**Exercise brief**:
Write out the entries exactly, pictures excluded.

**Data excerpts**:
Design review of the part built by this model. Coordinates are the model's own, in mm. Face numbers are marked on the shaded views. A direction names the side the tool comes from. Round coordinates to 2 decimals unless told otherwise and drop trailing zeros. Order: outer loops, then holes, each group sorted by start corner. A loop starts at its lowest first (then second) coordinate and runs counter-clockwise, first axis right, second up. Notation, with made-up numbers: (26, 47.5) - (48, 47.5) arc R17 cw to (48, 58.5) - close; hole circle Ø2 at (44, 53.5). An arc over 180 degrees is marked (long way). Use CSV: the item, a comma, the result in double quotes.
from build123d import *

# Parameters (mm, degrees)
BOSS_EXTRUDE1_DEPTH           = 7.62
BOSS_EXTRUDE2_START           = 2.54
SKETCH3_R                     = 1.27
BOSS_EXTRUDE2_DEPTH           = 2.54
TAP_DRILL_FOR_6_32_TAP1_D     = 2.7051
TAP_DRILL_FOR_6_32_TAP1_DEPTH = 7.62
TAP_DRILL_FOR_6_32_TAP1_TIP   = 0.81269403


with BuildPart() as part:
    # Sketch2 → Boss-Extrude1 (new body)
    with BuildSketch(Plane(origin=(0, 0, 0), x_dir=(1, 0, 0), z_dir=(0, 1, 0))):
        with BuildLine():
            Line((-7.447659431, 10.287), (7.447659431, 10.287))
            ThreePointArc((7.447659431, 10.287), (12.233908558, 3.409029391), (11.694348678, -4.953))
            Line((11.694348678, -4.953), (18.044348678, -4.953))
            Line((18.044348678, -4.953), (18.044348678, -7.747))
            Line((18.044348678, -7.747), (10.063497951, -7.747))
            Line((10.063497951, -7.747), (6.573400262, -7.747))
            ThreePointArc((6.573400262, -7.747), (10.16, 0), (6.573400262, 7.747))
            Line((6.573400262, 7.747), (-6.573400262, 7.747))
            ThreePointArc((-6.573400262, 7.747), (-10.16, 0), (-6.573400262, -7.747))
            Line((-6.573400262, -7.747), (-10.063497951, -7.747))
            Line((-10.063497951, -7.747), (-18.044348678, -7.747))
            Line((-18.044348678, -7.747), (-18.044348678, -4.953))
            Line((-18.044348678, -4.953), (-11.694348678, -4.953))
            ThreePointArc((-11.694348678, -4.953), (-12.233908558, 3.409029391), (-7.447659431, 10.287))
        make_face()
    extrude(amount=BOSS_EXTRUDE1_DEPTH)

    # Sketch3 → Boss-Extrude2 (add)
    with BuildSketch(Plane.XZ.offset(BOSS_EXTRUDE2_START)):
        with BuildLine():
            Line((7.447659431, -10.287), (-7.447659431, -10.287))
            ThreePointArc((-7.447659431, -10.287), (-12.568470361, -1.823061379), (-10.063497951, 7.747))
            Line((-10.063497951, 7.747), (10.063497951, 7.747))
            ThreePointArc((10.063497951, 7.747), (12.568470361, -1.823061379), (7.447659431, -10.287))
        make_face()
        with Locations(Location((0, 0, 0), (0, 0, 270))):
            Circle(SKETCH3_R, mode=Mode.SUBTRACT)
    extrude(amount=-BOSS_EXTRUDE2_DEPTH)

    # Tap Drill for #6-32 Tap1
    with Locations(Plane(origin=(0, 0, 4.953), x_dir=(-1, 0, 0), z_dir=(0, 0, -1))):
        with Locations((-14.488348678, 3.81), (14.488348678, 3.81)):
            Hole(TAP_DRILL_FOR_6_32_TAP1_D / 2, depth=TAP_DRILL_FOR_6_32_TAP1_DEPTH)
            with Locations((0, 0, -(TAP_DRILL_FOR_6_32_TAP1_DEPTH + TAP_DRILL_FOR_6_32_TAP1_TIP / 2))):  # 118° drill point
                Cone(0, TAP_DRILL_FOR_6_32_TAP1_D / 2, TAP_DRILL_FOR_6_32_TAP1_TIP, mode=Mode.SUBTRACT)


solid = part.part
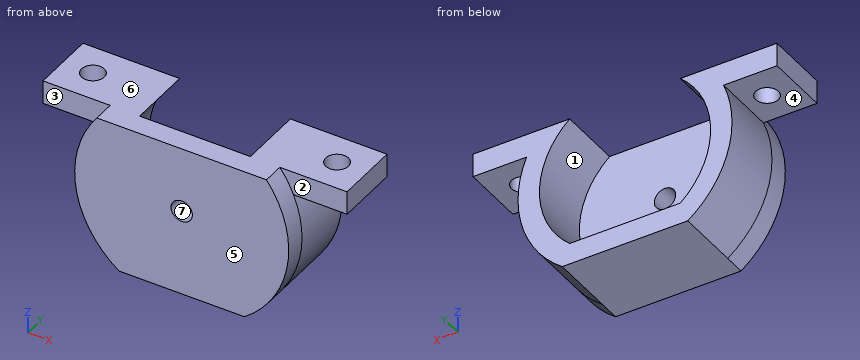
1) Insertion check: pin 1 Ø3 at (x, z) = (13.5, 6) entering from -Y; pin 2 Ø5 at (x, y) = (-13.5, 2.5) entering from -Z; pin 3 Ø1.5 at (y, z) = (-1, 4.5) entering from +X; pin 4 Ø2 at (x, y) = (14.49, 3.81) entering from +Z (3 decimals). Each pin has a flat end and moves straight along its axis. Give the tip position at first contact, or say it passes through.
Data:
pin 1,"stops at y = 0"
pin 2,"stops at z = -6.35"
pin 3,"stops at x = 12.13"
pin 4,"passes through"
2) We need section D-D (y = -0.5). Give the boundary of the cut face in (x, z), then the cut area to 3 significant figures.
Data:
outline,"(-10.06, 7.75) arc R12.7 ccw to (-7.45, -10.29) - (7.45, -10.29) arc R12.7 ccw to (10.06, 7.75) - close; hole circle Ø2.54 at (0, 0)"
area,"408 mm2"
3) We need section B-B (z = 0). Give the boundary of the cut face in (x, y).
Data:
outline,"(-12.7, -2.54) - (-1.27, -2.54) - (-1.27, 0) - (-10.16, 0) - (-10.16, 7.62) - (-12.7, 7.62) - close; (1.27, -2.54) - (12.7, -2.54) - (12.7, 7.62) - (10.16, 7.62) - (10.16, 0) - (1.27, 0) - close"
4) To check wall thickness, follow L1, parallel to X at y = -1.95, z = 0; L2, parallel to Z at x = -0.5, y = 6; L3, parallel to X at y = 5, z = 7.25. State the ranges of each line that lie inside material, in increasing order. Write a range as from..to.
Data:
L1,"x = -12.7..-1.27, 1.27..12.7"
L2,"z = -10.29..-7.75"
L3,"x = -18.04..-15.13, -13.85..-7.12, 7.12..13.85, 15.13..18.04"
5) We need section C-C (y = 3.81). Give the boundary of the cut face in (x, z).
Data:
outline,"(-18.04, 4.95) - (-15.84, 4.95) - (-15.84, 7.75) - (-18.04, 7.75) - close; (-13.14, 4.95) - (-11.69, 4.95) arc R12.7 ccw to (-7.45, -10.29) - (7.45, -10.29) arc R12.7 ccw to (11.69, 4.95) - (13.14, 4.95) - (13.14, 7.75) - (6.57, 7.75) arc R10.16 cw to (6.57, -7.75) - (-6.57, -7.75) arc R10.16 cw to (-6.57, 7.75) - (-13.14, 7.75) - close; (15.84, 4.95) - (18.04, 4.95) - (18.04, 7.75) - (15.84, 7.75) - close"
6) We need section A-A (x = 0). Give the boundary of the cut face in (y, z).
Data:
outline,"(-2.54, -10.29) - (7.62, -10.29) - (7.62, -7.75) - (0, -7.75) - (0, -1.27) - (-2.54, -1.27) - close; (-2.54, 1.27) - (0, 1.27) - (0, 7.75) - (-2.54, 7.75) - close"
7) The part is to be moulded in two halves that separate along Z. For the marked faces 5, 6 and 7, say which applies: +Z half, -Z half, draft (parallel to the pull), parting line (faces both ways), or undercut.
Data:
face 5,"draft"
face 6,"+Z half"
face 7,"undercut"
8) For the marked faces 1, 2, 3 and 4, list the 3-axis set-ups (+Z, -Z, +X, -X, +Y, -Y) from which the entire face can be reached by the end or side of a thin tool; tool diameter is ignored.
Data:
face 1,"+Y"
face 2,"+Z, +X, -Y"
face 3,"+Z, -X, -Y"
face 4,"-X, +Y, -Y"

**Solution to the exercise**:
Design review of the part built by this model. Coordinates are the model's own, in mm. Face numbers are marked on the shaded views. A direction names the side the tool comes from. Round coordinates to 2 decimals unless told otherwise and drop trailing zeros. Order: outer loops, then holes, each group sorted by start corner. A loop starts at its lowest first (then second) coordinate and runs counter-clockwise, first axis right, second up. Notation, with made-up numbers: (26, 47.5) - (48, 47.5) arc R17 cw to (48, 58.5) - close; hole circle Ø2 at (44, 53.5). An arc over 180 degrees is marked (long way). Use CSV: the item, a comma, the result in double quotes.
from build123d import *

# Parameters (mm, degrees)
BOSS_EXTRUDE1_DEPTH           = 7.62
BOSS_EXTRUDE2_START           = 2.54
SKETCH3_R                     = 1.27
BOSS_EXTRUDE2_DEPTH           = 2.54
TAP_DRILL_FOR_6_32_TAP1_D     = 2.7051
TAP_DRILL_FOR_6_32_TAP1_DEPTH = 7.62
TAP_DRILL_FOR_6_32_TAP1_TIP   = 0.81269403


with BuildPart() as part:
    # Sketch2 → Boss-Extrude1 (new body)
    with BuildSketch(Plane(origin=(0, 0, 0), x_dir=(1, 0, 0), z_dir=(0, 1, 0))):
        with BuildLine():
            Line((-7.447659431, 10.287), (7.447659431, 10.287))
            ThreePointArc((7.447659431, 10.287), (12.233908558, 3.409029391), (11.694348678, -4.953))
            Line((11.694348678, -4.953), (18.044348678, -4.953))
            Line((18.044348678, -4.953), (18.044348678, -7.747))
            Line((18.044348678, -7.747), (10.063497951, -7.747))
            Line((10.063497951, -7.747), (6.573400262, -7.747))
            ThreePointArc((6.573400262, -7.747), (10.16, 0), (6.573400262, 7.747))
            Line((6.573400262, 7.747), (-6.573400262, 7.747))
            ThreePointArc((-6.573400262, 7.747), (-10.16, 0), (-6.573400262, -7.747))
            Line((-6.573400262, -7.747), (-10.063497951, -7.747))
            Line((-10.063497951, -7.747), (-18.044348678, -7.747))
            Line((-18.044348678, -7.747), (-18.044348678, -4.953))
            Line((-18.044348678, -4.953), (-11.694348678, -4.953))
            ThreePointArc((-11.694348678, -4.953), (-12.233908558, 3.409029391), (-7.447659431, 10.287))
        make_face()
    extrude(amount=BOSS_EXTRUDE1_DEPTH)

    # Sketch3 → Boss-Extrude2 (add)
    with BuildSketch(Plane.XZ.offset(BOSS_EXTRUDE2_START)):
        with BuildLine():
            Line((7.447659431, -10.287), (-7.447659431, -10.287))
            ThreePointArc((-7.447659431, -10.287), (-12.568470361, -1.823061379), (-10.063497951, 7.747))
            Line((-10.063497951, 7.747), (10.063497951, 7.747))
            ThreePointArc((10.063497951, 7.747), (12.568470361, -1.823061379), (7.447659431, -10.287))
        make_face()
        with Locations(Location((0, 0, 0), (0, 0, 270))):
            Circle(SKETCH3_R, mode=Mode.SUBTRACT)
    extrude(amount=-BOSS_EXTRUDE2_DEPTH)

    # Tap Drill for #6-32 Tap1
    with Locations(Plane(origin=(0, 0, 4.953), x_dir=(-1, 0, 0), z_dir=(0, 0, -1))):
        with Locations((-14.488348678, 3.81), (14.488348678, 3.81)):
            Hole(TAP_DRILL_FOR_6_32_TAP1_D / 2, depth=TAP_DRILL_FOR_6_32_TAP1_DEPTH)
            with Locations((0, 0, -(TAP_DRILL_FOR_6_32_TAP1_DEPTH + TAP_DRILL_FOR_6_32_TAP1_TIP / 2))):  # 118° drill point
                Cone(0, TAP_DRILL_FOR_6_32_TAP1_D / 2, TAP_DRILL_FOR_6_32_TAP1_TIP, mode=Mode.SUBTRACT)


solid = part.part
1) Insertion check: pin 1 Ø3 at (x, z) = (13.5, 6) entering from -Y; pin 2 Ø5 at (x, y) = (-13.5, 2.5) entering from -Z; pin 3 Ø1.5 at (y, z) = (-1, 4.5) entering from +X; pin 4 Ø2 at (x, y) = (14.49, 3.81) entering from +Z (3 decimals). Each pin has a flat end and moves straight along its axis. Give the tip position at first contact, or say it passes through.
Data:
pin 1,"stops at y = 0"
pin 2,"stops at z = -6.35"
pin 3,"stops at x = 12.13"
pin 4,"passes through"
2) We need section D-D (y = -0.5). Give the boundary of the cut face in (x, z), then the cut area to 3 significant figures.
Data:
outline,"(-10.06, 7.75) arc R12.7 ccw to (-7.45, -10.29) - (7.45, -10.29) arc R12.7 ccw to (10.06, 7.75) - close; hole circle Ø2.54 at (0, 0)"
area,"408 mm2"
3) We need section B-B (z = 0). Give the boundary of the cut face in (x, y).
Data:
outline,"(-12.7, -2.54) - (-1.27, -2.54) - (-1.27, 0) - (-10.16, 0) - (-10.16, 7.62) - (-12.7, 7.62) - close; (1.27, -2.54) - (12.7, -2.54) - (12.7, 7.62) - (10.16, 7.62) - (10.16, 0) - (1.27, 0) - close"
4) To check wall thickness, follow L1, parallel to X at y = -1.95, z = 0; L2, parallel to Z at x = -0.5, y = 6; L3, parallel to X at y = 5, z = 7.25. State the ranges of each line that lie inside material, in increasing order. Write a range as from..to.
Data:
L1,"x = -12.7..-1.27, 1.27..12.7"
L2,"z = -10.29..-7.75"
L3,"x = -18.04..-15.13, -13.85..-7.12, 7.12..13.85, 15.13..18.04"
5) We need section C-C (y = 3.81). Give the boundary of the cut face in (x, z).
Data:
outline,"(-18.04, 4.95) - (-15.84, 4.95) - (-15.84, 7.75) - (-18.04, 7.75) - close; (-13.14, 4.95) - (-11.69, 4.95) arc R12.7 ccw to (-7.45, -10.29) - (7.45, -10.29) arc R12.7 ccw to (11.69, 4.95) - (13.14, 4.95) - (13.14, 7.75) - (6.57, 7.75) arc R10.16 cw to (6.57, -7.75) - (-6.57, -7.75) arc R10.16 cw to (-6.57, 7.75) - (-13.14, 7.75) - close; (15.84, 4.95) - (18.04, 4.95) - (18.04, 7.75) - (15.84, 7.75) - close"
6) We need section A-A (x = 0). Give the boundary of the cut face in (y, z).
Data:
outline,"(-2.54, -10.29) - (7.62, -10.29) - (7.62, -7.75) - (0, -7.75) - (0, -1.27) - (-2.54, -1.27) - close; (-2.54, 1.27) - (0, 1.27) - (0, 7.75) - (-2.54, 7.75) - close"
7) The part is to be moulded in two halves that separate along Z. For the marked faces 5, 6 and 7, say which applies: +Z half, -Z half, draft (parallel to the pull), parting line (faces both ways), or undercut.
Data:
face 5,"draft"
face 6,"+Z half"
face 7,"undercut"
8) For the marked faces 1, 2, 3 and 4, list the 3-axis set-ups (+Z, -Z, +X, -X, +Y, -Y) from which the entire face can be reached by the end or side of a thin tool; tool diameter is ignored.
Data:
face 1,"+Y"
face 2,"+Z, +X, -Y"
face 3,"+Z, -X, -Y"
face 4,"-X, +Y, -Y"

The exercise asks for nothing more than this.